(WHAT YOU ARE ASKED TO DO): In the entries that follow, the lines from the one with "Answer: DeliveryConfirmation What" through the one with "Answer: ReceivePastries How" are the ones to write out, exactly and with both ends included. Nothing else should appear.

== DATA RECORDS

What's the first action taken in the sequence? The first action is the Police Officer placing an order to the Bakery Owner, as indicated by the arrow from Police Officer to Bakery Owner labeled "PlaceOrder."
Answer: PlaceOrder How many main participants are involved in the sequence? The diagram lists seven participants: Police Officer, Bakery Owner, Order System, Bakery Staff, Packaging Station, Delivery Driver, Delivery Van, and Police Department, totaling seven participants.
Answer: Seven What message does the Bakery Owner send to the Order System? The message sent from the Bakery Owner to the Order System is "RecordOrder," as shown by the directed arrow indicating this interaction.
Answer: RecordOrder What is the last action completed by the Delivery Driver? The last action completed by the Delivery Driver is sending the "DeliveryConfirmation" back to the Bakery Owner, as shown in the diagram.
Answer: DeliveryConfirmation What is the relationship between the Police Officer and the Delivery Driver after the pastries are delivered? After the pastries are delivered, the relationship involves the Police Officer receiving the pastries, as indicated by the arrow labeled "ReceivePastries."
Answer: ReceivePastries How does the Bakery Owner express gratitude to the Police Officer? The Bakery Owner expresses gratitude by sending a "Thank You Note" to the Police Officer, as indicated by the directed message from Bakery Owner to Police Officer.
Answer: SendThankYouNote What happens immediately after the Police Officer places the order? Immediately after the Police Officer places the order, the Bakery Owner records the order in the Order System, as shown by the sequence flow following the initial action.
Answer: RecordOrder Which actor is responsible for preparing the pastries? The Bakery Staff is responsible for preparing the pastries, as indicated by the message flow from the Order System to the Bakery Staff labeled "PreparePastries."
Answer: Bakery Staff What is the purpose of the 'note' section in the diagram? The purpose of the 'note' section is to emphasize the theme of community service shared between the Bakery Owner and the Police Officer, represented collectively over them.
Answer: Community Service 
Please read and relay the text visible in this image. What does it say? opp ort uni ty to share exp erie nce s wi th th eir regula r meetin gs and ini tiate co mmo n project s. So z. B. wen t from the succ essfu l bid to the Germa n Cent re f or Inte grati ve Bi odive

====

(SOLUTION FOR THIS TASK):
Answer: DeliveryConfirmation What is the relationship between the Police Officer and the Delivery Driver after the pastries are delivered? After the pastries are delivered, the relationship involves the Police Officer receiving the pastries, as indicated by the arrow labeled "ReceivePastries."
Answer: ReceivePastries How does the Bakery Owner express gratitude to the Police Officer? The Bakery Owner expresses gratitude by sending a "Thank You Note" to the Police Officer, as indicated by the directed message from Bakery Owner to Police Officer.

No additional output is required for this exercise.